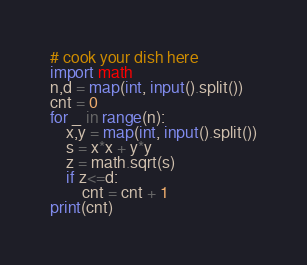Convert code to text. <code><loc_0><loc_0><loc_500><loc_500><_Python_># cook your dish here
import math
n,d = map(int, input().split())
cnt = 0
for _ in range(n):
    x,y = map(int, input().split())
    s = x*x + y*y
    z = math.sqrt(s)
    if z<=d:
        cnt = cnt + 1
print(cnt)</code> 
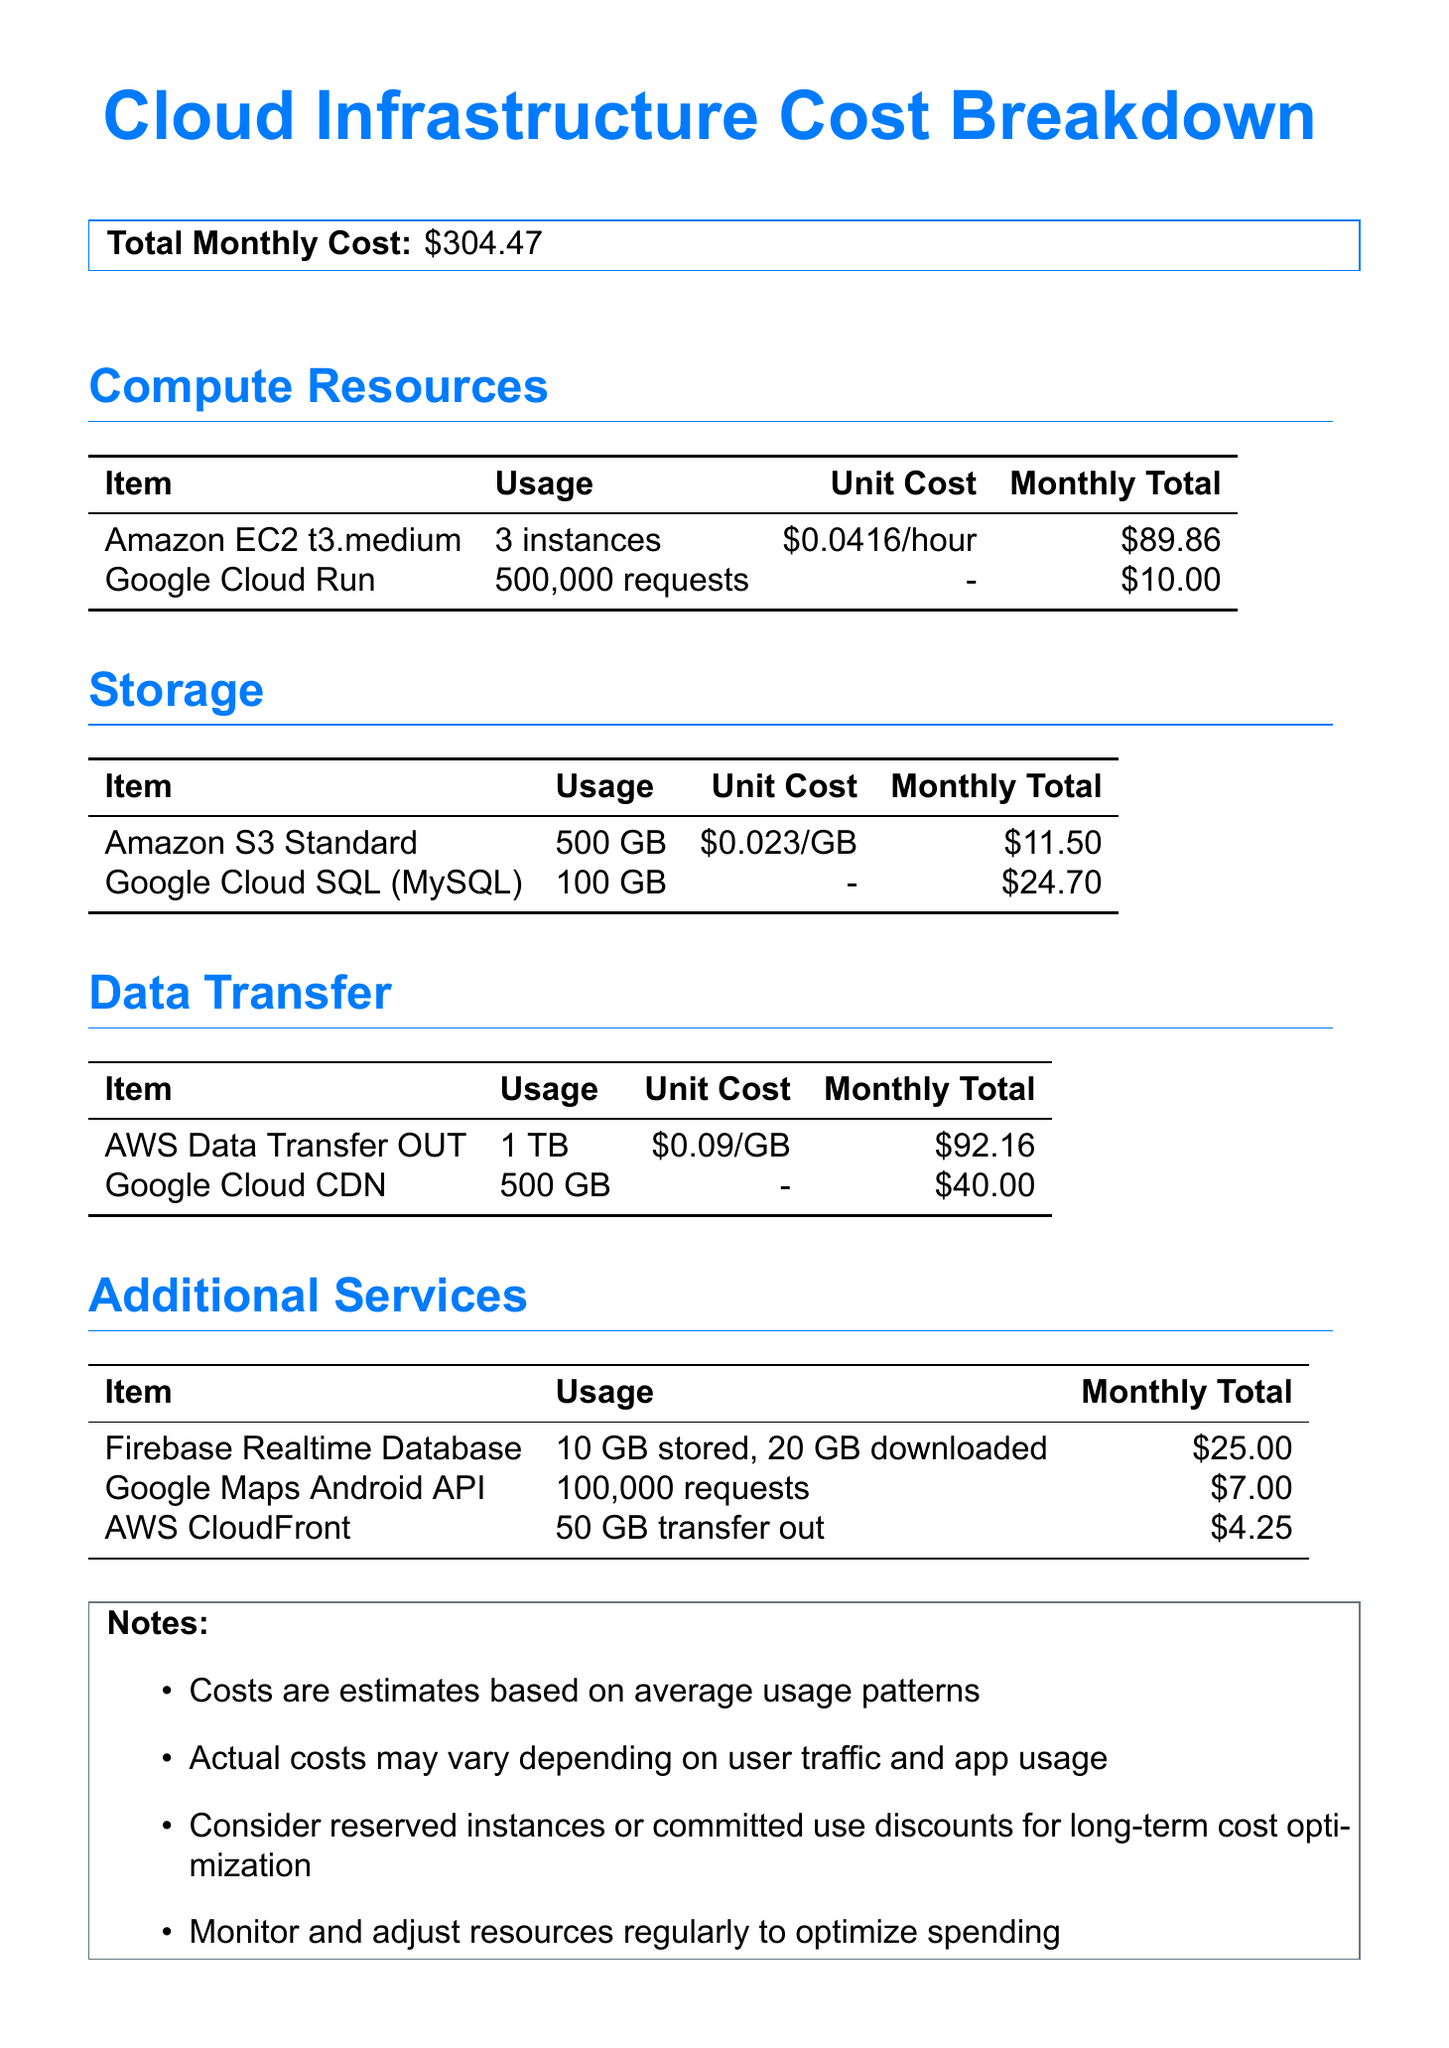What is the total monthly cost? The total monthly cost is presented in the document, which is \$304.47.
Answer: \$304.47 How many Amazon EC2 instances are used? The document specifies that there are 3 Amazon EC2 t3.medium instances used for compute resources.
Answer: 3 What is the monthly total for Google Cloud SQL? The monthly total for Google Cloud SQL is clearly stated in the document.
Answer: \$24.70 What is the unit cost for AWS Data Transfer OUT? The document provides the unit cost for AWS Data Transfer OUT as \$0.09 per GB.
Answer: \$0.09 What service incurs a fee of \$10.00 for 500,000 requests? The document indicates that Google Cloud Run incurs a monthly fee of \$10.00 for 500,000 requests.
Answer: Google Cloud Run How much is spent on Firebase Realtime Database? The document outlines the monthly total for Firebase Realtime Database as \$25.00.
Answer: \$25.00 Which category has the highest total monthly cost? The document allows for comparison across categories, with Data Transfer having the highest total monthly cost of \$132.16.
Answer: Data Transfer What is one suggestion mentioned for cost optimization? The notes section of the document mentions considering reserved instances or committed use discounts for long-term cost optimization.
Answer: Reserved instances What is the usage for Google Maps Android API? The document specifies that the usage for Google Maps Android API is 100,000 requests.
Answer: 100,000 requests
★ ★ ★ ★ ★ ★ ★
# ACTIVITY
The whole listing should be transcribed exactly, though its pictures must be left out.

# TASK ANSWER
Convert code to text. <code><loc_0><loc_0><loc_500><loc_500><_Python_># cook your dish here
import math
n,d = map(int, input().split())
cnt = 0
for _ in range(n):
    x,y = map(int, input().split())
    s = x*x + y*y
    z = math.sqrt(s)
    if z<=d:
        cnt = cnt + 1
print(cnt)</code> 
What is the total monthly cost? The total monthly cost is presented in the document, which is \$304.47.
Answer: \$304.47 How many Amazon EC2 instances are used? The document specifies that there are 3 Amazon EC2 t3.medium instances used for compute resources.
Answer: 3 What is the monthly total for Google Cloud SQL? The monthly total for Google Cloud SQL is clearly stated in the document.
Answer: \$24.70 What is the unit cost for AWS Data Transfer OUT? The document provides the unit cost for AWS Data Transfer OUT as \$0.09 per GB.
Answer: \$0.09 What service incurs a fee of \$10.00 for 500,000 requests? The document indicates that Google Cloud Run incurs a monthly fee of \$10.00 for 500,000 requests.
Answer: Google Cloud Run How much is spent on Firebase Realtime Database? The document outlines the monthly total for Firebase Realtime Database as \$25.00.
Answer: \$25.00 Which category has the highest total monthly cost? The document allows for comparison across categories, with Data Transfer having the highest total monthly cost of \$132.16.
Answer: Data Transfer What is one suggestion mentioned for cost optimization? The notes section of the document mentions considering reserved instances or committed use discounts for long-term cost optimization.
Answer: Reserved instances What is the usage for Google Maps Android API? The document specifies that the usage for Google Maps Android API is 100,000 requests.
Answer: 100,000 requests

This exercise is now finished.